### Exercise
This task calls for copying every line in the data below that contains the word "String".

== Data under study ==

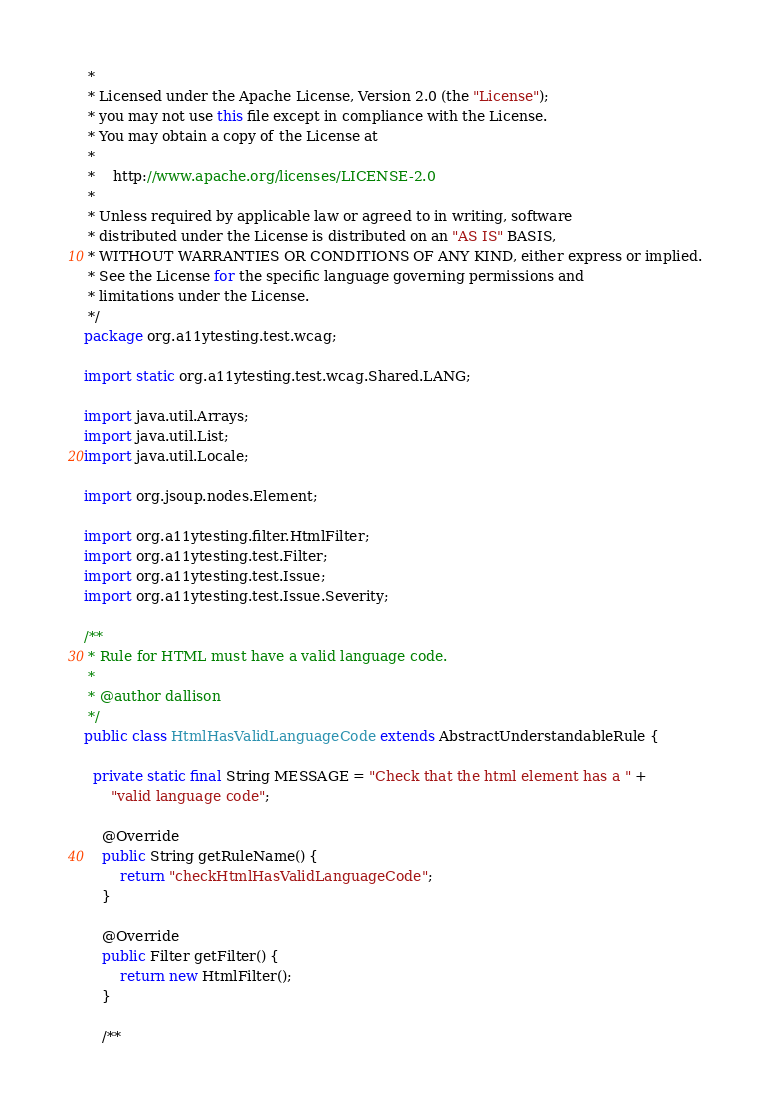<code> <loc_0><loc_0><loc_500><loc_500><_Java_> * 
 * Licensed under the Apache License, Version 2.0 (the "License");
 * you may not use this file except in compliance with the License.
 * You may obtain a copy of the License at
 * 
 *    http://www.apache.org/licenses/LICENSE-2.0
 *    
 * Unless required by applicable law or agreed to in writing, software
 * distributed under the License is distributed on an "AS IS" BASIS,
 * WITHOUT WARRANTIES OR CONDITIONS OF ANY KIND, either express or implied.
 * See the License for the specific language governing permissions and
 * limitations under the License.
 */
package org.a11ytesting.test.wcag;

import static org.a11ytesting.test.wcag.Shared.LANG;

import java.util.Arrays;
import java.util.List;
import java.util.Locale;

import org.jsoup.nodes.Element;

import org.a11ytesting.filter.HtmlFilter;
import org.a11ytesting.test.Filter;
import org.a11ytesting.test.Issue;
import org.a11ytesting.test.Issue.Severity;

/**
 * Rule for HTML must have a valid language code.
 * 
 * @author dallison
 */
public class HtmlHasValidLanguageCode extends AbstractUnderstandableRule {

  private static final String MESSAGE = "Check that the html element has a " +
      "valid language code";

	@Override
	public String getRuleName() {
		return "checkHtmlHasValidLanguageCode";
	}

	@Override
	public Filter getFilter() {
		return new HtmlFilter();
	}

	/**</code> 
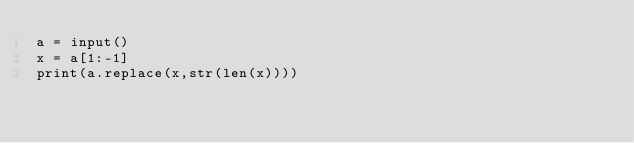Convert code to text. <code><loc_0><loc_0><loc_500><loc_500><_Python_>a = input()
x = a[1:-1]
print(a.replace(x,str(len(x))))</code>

===
== Data under study ==

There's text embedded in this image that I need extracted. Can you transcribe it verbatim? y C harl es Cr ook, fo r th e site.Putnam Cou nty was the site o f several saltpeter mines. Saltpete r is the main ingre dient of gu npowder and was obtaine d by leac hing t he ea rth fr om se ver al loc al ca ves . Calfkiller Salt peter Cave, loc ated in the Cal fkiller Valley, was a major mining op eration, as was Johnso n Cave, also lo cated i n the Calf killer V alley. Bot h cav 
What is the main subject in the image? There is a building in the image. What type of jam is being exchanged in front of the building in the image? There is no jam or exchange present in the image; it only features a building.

===

### Final answer
  private static final String MESSAGE = "Check that the html element has a " +
	public String getRuleName() {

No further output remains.